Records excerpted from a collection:
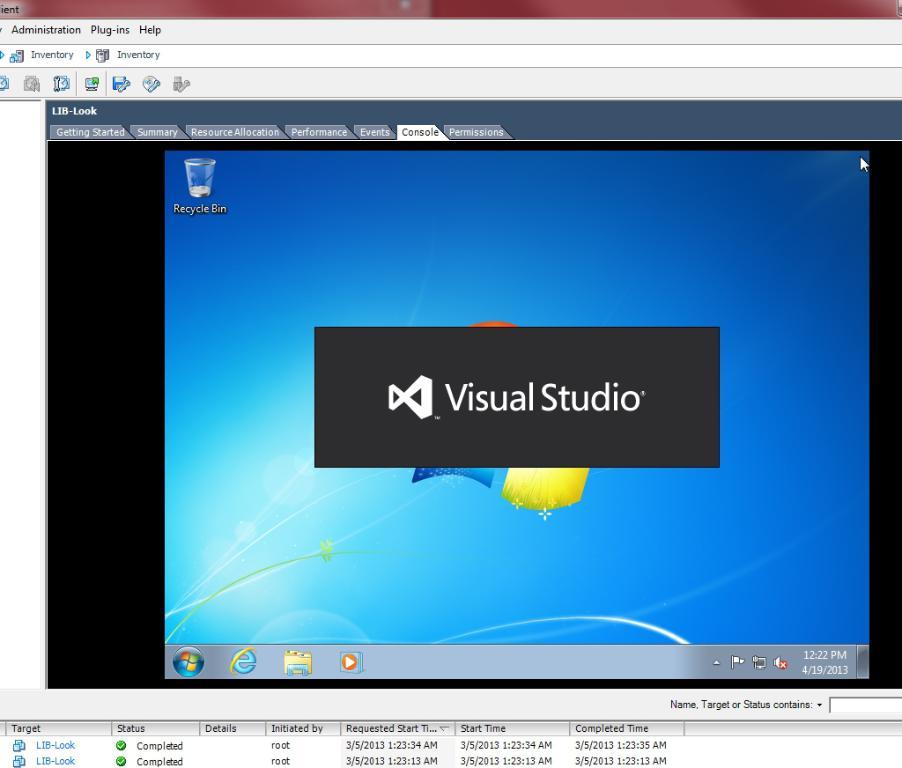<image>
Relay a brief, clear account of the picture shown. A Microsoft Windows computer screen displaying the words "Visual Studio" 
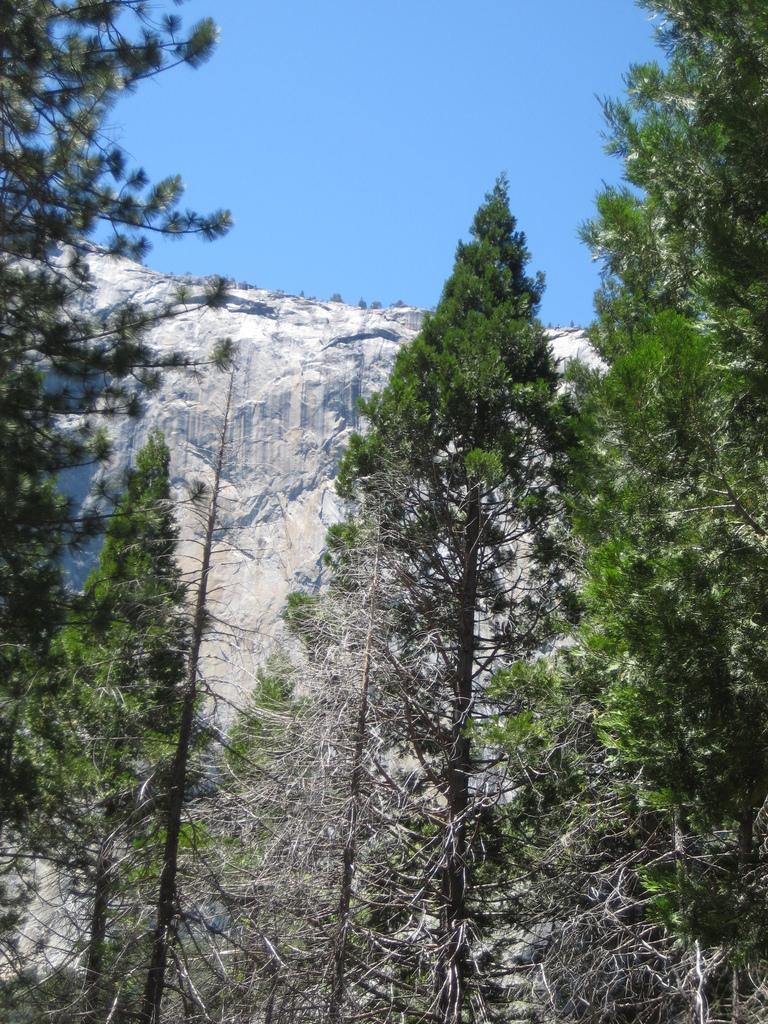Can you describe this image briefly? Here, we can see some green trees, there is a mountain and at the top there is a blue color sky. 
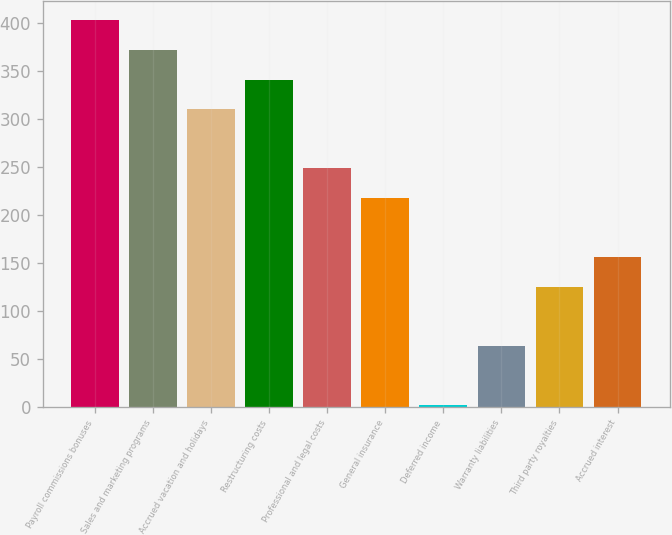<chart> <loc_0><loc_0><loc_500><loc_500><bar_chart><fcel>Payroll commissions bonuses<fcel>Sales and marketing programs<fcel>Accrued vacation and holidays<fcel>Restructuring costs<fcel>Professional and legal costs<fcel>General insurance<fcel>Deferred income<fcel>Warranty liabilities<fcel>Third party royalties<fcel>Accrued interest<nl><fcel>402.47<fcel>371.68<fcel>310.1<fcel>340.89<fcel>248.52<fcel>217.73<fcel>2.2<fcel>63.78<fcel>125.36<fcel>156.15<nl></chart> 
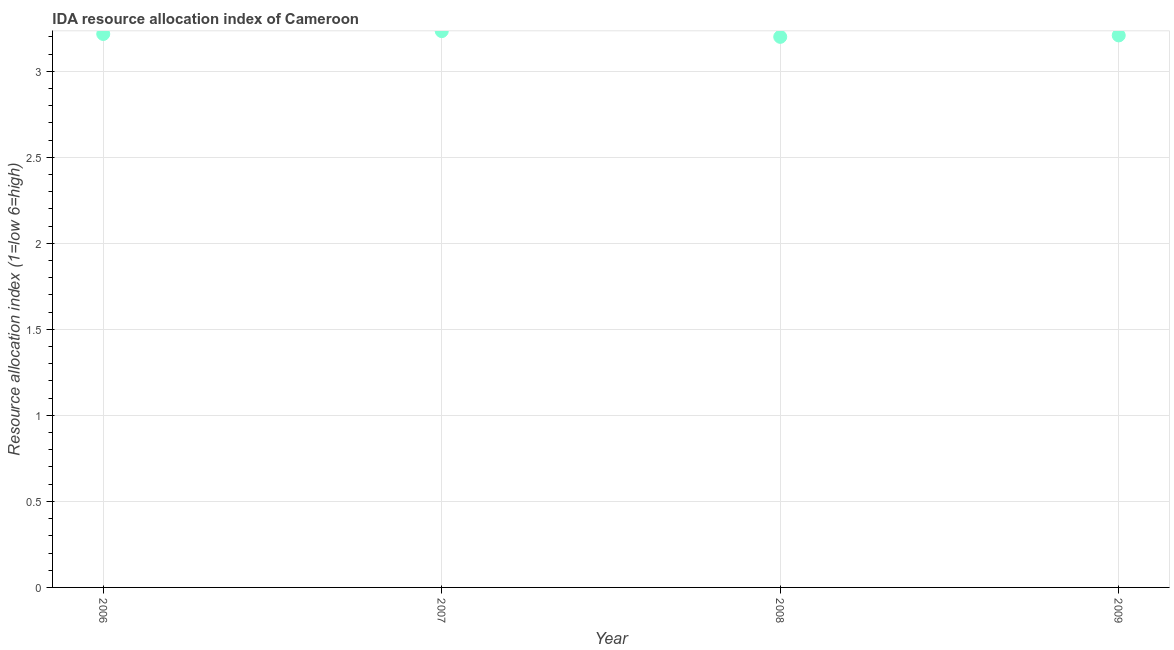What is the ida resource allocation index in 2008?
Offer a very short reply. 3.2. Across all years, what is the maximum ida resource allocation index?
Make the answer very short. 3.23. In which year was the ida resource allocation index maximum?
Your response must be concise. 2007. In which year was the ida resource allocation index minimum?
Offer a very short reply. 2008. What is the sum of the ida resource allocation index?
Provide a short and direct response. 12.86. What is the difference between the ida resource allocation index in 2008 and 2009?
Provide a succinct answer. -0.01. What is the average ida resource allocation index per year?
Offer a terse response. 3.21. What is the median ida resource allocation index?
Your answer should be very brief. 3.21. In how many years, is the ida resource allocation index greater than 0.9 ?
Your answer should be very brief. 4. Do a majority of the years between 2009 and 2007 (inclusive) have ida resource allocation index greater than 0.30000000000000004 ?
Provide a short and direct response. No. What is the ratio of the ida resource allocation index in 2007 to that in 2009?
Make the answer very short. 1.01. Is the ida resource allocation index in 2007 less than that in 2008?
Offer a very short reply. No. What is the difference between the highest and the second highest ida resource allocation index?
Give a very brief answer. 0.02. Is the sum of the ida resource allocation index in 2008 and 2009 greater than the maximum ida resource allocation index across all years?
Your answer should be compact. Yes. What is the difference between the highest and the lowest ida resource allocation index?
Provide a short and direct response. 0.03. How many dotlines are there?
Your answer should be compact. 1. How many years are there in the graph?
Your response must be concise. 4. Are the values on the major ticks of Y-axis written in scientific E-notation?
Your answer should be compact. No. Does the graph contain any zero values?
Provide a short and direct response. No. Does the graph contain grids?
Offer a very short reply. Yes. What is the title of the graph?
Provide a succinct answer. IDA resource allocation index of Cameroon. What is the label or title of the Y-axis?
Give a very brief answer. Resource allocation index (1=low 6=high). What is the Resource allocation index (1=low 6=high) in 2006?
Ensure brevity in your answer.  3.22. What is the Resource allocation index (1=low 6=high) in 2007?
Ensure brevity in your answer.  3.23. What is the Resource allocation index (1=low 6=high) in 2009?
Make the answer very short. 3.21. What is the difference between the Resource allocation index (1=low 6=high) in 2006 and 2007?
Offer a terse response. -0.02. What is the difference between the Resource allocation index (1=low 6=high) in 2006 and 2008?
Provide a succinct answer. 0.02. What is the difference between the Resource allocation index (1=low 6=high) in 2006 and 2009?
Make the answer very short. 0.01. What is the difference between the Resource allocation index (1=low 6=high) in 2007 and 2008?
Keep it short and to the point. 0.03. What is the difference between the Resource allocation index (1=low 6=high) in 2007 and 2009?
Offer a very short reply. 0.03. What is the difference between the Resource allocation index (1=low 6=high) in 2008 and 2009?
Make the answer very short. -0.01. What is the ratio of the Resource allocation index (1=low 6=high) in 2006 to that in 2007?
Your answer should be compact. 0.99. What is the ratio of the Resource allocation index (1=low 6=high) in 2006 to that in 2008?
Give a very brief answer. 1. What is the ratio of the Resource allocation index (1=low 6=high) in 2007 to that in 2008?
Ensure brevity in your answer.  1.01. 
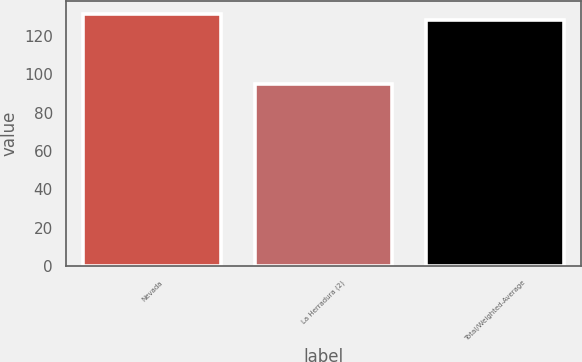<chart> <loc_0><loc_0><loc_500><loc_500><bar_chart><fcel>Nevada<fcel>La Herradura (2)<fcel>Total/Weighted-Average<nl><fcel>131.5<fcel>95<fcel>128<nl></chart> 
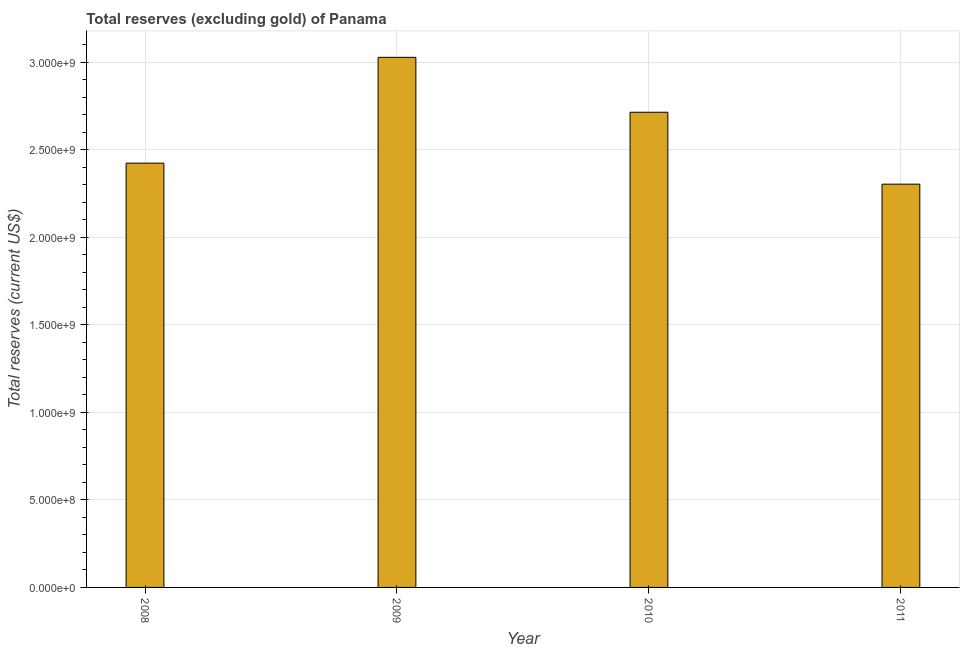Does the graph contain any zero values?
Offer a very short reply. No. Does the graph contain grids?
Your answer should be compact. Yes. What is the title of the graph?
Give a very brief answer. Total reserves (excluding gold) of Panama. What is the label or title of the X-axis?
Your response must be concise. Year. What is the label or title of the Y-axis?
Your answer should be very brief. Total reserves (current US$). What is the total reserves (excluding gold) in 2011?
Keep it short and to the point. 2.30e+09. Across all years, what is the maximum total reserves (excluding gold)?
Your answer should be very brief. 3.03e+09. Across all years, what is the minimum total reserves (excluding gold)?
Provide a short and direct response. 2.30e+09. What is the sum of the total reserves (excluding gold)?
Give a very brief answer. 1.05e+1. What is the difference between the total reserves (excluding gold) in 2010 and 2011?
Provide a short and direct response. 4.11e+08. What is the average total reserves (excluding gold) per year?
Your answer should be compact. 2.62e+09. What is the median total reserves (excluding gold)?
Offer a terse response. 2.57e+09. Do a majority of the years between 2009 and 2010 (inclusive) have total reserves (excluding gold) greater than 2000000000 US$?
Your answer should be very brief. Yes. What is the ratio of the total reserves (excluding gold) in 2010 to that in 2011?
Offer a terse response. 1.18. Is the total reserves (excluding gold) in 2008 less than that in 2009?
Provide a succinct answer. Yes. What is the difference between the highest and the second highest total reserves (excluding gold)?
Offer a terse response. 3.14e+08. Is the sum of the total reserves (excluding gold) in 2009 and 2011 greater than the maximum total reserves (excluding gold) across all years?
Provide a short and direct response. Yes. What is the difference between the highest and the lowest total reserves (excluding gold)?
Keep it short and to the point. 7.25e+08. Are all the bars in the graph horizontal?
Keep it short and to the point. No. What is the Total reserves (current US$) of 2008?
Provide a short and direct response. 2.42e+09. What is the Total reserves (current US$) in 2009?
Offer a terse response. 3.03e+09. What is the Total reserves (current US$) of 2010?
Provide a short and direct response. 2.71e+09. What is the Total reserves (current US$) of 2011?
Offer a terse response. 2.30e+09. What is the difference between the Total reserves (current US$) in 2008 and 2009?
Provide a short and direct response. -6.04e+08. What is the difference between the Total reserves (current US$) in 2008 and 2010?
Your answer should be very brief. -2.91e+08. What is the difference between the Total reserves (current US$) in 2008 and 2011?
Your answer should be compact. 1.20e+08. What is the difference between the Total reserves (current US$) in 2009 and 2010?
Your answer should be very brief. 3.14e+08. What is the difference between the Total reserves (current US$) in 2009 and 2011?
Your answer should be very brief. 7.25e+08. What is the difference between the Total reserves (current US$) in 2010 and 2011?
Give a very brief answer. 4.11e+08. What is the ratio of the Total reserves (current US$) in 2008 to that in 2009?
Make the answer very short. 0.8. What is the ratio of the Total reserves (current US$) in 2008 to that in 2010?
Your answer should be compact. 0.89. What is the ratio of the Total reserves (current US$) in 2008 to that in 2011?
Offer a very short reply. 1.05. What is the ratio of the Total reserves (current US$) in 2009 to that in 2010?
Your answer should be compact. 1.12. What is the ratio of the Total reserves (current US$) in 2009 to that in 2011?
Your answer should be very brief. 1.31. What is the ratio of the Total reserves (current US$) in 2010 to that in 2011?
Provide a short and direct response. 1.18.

Problem details:
Report all lines in the records that include the string "minimum".

Solution:
Your response must be concise. 2007. In which year was the ida resource allocation index minimum?
Your answer should be very brief. 3.03e+09. Across all years, what is the minimum total reserves (excluding gold)?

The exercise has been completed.